On Dyck languages
In this exercise we consider the Dyck language, that is the language of well-balanced parentheses (and variations of it). More precisely, given the alphabet \Sigma=\{(,)\}, the Dyck language \mathsf{dyck}(1) is \mathsf{dyck}(1) =\{w\in \Sigma^* \mid \text{for every prefix $u$ of $w$} \ \ |u|_(\geq |u|_)\land |w|_(=|w|_)\}.
Similarly, let \mathsf{dyck}(s) be the Dyck language on s pairs of parentheses, i.e. the language of correctly nested sequences of s distinct types of parentheses. For instance, given the two types of parentheses (, ), and [, ], the word ([])\in \mathsf{dyck}(2), ()[]\in \mathsf{dyck}(2) but ([)]\notin \mathsf{dyck}(2).
Show that the grammar S \to SS \mid (S) \mid \lambda generates exactly \mathsf{dyck}(1). Is it ambiguous?
Show that the grammar S \to (S)S \mid \lambda generates exactly \mathsf{dyck}(1). Is it ambiguous?
Show that the grammar S \to SS \mid (S) \mid [S] \mid\lambda generates exactly \mathsf{dyck}(2). Is it ambiguous?
Show that the grammar S \to (S)S \mid [S]S \mid \lambda generates exactly \mathsf{dyck}(2). Is it ambiguous?
Construct an unambiguous grammar that generates \mathsf{dyck}(s) for an arbitrary s.
Let \sigma=\{(,),[,]\} and L be the language of all words over \Sigma^* such that, ignoring the symbols [, ], the words are well-parenthesised on (, ), and, similarly, ignoring the symbols (, ), the words are well-parenthesised on [, ]. In particular \mathsf{dyck}(2)\subseteq L, but the containment is strict. For instance, ([)]\in L\setminus \mathsf{dyck}(2). Show that L is not a context-free language.

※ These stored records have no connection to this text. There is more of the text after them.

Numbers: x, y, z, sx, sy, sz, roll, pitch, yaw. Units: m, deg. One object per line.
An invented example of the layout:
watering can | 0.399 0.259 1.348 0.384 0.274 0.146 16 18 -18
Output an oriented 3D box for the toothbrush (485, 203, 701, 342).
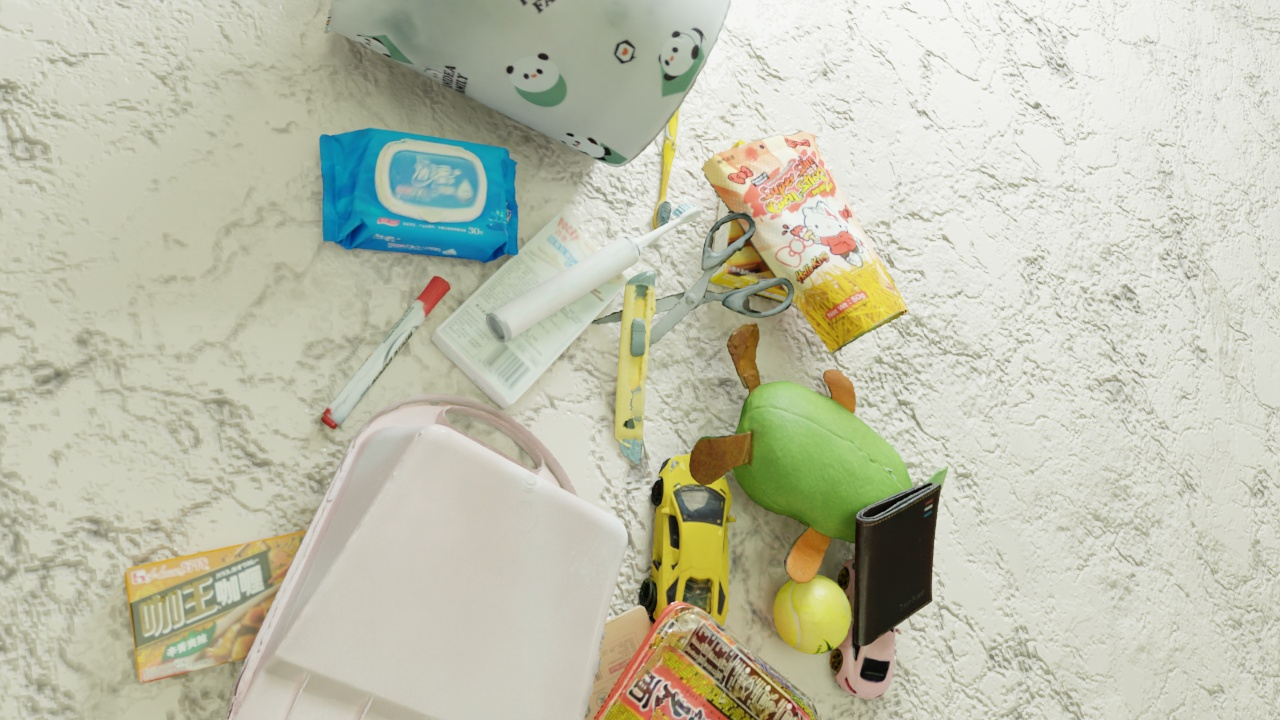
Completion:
toothbrush | -0.031 -0.079 0.759 0.220 0.027 0.026 -34 58 -26

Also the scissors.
scissors | 0.050 -0.057 0.790 0.174 0.014 0.159 14 84 0

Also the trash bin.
trash bin | -0.081 -0.295 0.723 0.251 0.230 0.229 27 67 -22

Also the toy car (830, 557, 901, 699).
toy car | 0.201 0.234 0.810 0.056 0.037 0.122 17 70 -21

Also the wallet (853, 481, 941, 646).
wallet | 0.216 0.170 0.775 0.096 0.020 0.122 -16 114 -30

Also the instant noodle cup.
instant noodle cup | 0.026 0.293 0.674 0.164 0.079 0.188 43 65 -13

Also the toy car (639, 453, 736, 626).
toy car | 0.041 0.151 0.757 0.071 0.041 0.155 12 71 -22

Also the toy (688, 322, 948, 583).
toy | 0.151 0.088 0.795 0.246 0.090 0.226 33 55 -17

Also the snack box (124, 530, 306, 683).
snack box | -0.261 0.161 0.627 0.153 0.026 0.075 -9 80 -26

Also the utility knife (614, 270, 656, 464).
utility knife | -0.005 0.005 0.778 0.031 0.018 0.165 4 92 -14

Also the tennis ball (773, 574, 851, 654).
tennis ball | 0.144 0.213 0.773 0.065 0.066 0.065 6 74 -23

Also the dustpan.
dustpan | -0.126 0.154 0.630 0.222 0.139 0.272 35 67 -23

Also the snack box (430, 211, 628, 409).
snack box | -0.089 -0.043 0.755 0.084 0.027 0.156 45 64 -7

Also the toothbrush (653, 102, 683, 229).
toothbrush | 0.030 -0.205 0.854 0.016 0.018 0.191 15 71 -22

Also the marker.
marker | -0.194 -0.008 0.705 0.017 0.017 0.145 38 65 -11

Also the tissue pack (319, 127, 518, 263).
tissue pack | -0.172 -0.131 0.724 0.157 0.052 0.095 3 74 -22

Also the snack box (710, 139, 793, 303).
snack box | 0.117 -0.130 0.867 0.087 0.034 0.140 15 70 -21

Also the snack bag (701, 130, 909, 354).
snack bag | 0.156 -0.113 0.834 0.128 0.073 0.208 -25 81 -27

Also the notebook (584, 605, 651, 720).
notebook | -0.026 0.312 0.696 0.147 0.008 0.207 -19 89 -27
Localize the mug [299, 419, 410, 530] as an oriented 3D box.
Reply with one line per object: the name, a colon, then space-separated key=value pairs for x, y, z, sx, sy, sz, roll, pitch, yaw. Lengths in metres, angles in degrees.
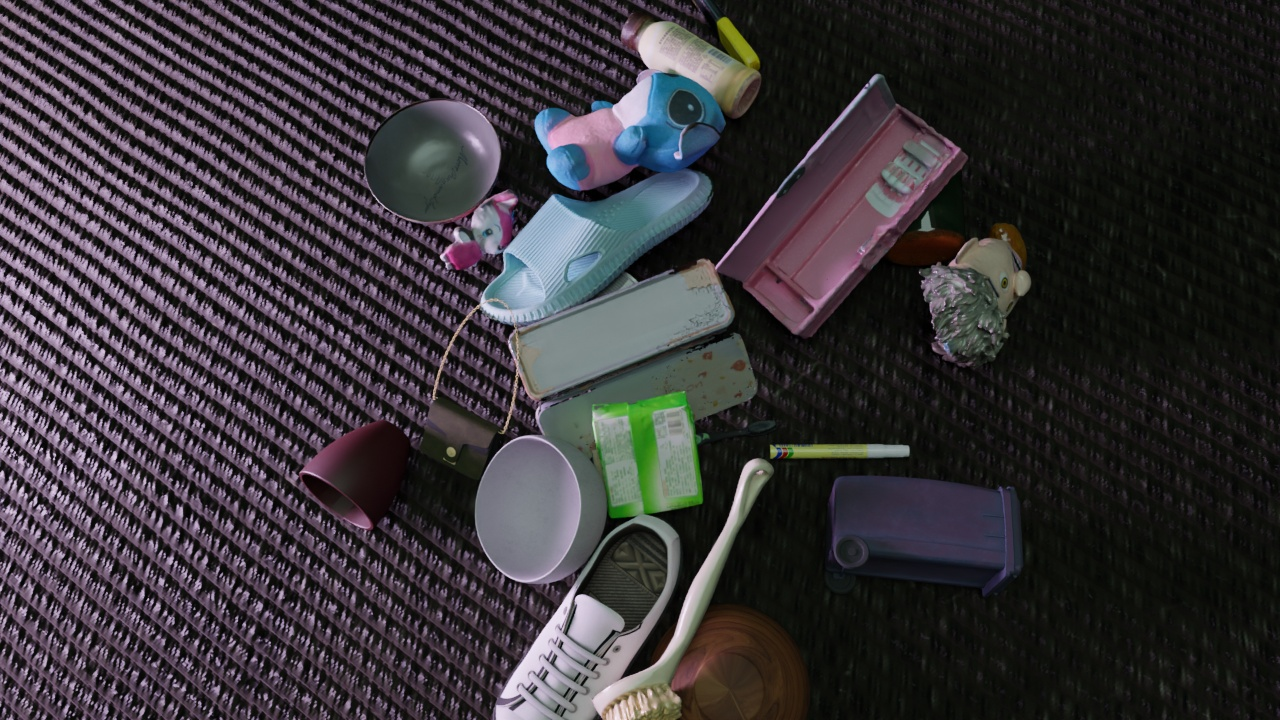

TipUse the fact that the language \{a^nb^nc^n \mid n\in \mathbb N\} is not context-free.
The Dyck languages are important because, in a sense, they are the most complicated context-free languages. Indeed, the Chomsky–Schützenberger representation theorem states that a language L is context-free if an only if L is the image under an homomorphism of some \mathsf{dyck}(s) intersected with a regular language.